> Exercise aim:
Retype, word for word, every line of the records below starting at the one that contains "maker: johannes laurens theodorus huijsen" and ending at the one that contains "object name: candlestick"; include both of those lines and nothing more.

*** Opening Supplied entries ***

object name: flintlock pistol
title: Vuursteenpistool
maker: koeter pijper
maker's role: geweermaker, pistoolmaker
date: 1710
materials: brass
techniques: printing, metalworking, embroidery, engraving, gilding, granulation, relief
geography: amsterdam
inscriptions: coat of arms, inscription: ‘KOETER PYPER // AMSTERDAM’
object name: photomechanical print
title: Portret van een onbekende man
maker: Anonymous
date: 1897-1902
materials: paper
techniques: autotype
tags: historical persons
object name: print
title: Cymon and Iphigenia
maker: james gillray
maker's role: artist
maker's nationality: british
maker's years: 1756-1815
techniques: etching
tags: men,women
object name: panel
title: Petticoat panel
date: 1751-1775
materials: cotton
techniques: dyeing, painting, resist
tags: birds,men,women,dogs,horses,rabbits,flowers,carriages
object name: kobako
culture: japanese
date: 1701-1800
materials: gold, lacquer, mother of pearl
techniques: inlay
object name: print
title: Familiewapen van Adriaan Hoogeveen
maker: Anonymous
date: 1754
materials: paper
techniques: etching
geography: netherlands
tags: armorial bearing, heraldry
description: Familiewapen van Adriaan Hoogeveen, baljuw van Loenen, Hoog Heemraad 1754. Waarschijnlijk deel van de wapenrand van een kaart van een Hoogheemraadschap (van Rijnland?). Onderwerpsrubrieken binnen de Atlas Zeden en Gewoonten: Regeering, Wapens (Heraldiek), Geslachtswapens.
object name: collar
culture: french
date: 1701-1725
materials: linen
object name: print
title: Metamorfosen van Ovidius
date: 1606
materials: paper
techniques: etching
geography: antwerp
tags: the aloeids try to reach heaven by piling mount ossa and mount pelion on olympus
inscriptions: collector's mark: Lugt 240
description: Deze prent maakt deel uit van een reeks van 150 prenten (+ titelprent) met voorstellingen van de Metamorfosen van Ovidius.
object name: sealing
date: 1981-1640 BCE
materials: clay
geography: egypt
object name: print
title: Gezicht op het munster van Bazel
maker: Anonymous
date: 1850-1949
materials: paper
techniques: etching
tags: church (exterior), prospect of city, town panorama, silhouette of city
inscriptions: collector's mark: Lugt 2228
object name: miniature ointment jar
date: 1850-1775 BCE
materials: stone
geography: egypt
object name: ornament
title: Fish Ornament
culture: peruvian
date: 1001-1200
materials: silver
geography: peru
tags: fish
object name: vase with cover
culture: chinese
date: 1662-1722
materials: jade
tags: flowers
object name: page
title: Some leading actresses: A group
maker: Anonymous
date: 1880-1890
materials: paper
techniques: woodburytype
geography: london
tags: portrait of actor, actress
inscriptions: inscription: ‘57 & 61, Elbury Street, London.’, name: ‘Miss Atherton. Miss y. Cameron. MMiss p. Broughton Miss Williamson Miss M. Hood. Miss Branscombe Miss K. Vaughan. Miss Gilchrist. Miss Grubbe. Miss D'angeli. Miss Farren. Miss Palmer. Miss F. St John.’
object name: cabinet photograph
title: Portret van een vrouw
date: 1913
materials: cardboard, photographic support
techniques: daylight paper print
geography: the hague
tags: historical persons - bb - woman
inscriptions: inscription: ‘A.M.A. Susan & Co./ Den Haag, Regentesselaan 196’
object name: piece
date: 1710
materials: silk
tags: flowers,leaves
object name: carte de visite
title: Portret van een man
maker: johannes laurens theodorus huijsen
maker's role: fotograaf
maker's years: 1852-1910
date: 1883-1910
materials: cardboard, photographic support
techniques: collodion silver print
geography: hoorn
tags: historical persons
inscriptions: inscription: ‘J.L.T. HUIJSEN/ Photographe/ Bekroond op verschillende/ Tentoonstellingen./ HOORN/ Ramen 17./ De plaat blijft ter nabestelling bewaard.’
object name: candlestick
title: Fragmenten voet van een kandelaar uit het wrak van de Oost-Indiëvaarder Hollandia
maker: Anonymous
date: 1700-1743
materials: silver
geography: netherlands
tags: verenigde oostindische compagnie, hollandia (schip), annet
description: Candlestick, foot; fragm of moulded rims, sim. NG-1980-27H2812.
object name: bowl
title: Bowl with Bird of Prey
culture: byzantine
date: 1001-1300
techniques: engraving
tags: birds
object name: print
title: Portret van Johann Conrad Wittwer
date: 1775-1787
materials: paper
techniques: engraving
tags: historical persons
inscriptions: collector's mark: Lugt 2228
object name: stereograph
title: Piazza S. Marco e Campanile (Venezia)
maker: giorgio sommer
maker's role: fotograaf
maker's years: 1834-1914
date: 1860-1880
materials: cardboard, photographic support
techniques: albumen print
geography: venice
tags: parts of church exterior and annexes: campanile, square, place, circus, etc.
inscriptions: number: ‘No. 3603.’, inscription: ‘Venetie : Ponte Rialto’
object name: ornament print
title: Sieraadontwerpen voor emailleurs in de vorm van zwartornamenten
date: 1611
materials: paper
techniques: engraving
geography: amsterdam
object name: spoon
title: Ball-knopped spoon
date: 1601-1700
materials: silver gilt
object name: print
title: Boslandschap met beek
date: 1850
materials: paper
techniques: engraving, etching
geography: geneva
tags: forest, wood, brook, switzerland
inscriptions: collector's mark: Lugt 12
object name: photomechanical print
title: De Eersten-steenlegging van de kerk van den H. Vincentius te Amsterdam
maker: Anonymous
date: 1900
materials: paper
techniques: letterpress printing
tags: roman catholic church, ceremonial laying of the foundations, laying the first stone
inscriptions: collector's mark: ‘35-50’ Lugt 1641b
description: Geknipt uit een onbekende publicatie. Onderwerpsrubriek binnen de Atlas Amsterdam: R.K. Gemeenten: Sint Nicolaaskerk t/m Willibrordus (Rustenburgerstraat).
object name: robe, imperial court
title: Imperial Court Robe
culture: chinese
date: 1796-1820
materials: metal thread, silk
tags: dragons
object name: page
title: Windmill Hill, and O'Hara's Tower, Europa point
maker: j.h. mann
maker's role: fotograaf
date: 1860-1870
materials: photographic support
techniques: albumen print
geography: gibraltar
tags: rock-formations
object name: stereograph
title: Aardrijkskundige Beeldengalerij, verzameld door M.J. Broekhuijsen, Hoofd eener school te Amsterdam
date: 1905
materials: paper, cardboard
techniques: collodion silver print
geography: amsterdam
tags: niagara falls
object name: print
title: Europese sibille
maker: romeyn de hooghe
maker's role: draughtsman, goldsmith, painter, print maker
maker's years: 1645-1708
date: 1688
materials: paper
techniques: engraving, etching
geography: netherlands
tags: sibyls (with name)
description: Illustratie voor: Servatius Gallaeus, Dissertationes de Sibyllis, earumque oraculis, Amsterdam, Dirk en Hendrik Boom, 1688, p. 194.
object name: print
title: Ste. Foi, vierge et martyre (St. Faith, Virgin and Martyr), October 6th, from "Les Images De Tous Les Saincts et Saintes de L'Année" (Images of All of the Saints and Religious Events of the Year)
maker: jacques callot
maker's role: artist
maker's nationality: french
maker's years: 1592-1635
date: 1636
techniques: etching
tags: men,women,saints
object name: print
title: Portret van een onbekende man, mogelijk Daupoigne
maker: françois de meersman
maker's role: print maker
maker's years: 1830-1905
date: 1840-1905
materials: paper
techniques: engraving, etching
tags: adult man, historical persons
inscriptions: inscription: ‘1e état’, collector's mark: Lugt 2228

*** Closing Supplied entries ***

> Written reply:
maker: johannes laurens theodorus huijsen
maker's role: fotograaf
maker's years: 1852-1910
date: 1883-1910
materials: cardboard, photographic support
techniques: collodion silver print
geography: hoorn
tags: historical persons
inscriptions: inscription: ‘J.L.T. HUIJSEN/ Photographe/ Bekroond op verschillende/ Tentoonstellingen./ HOORN/ Ramen 17./ De plaat blijft ter nabestelling bewaard.’
object name: candlestick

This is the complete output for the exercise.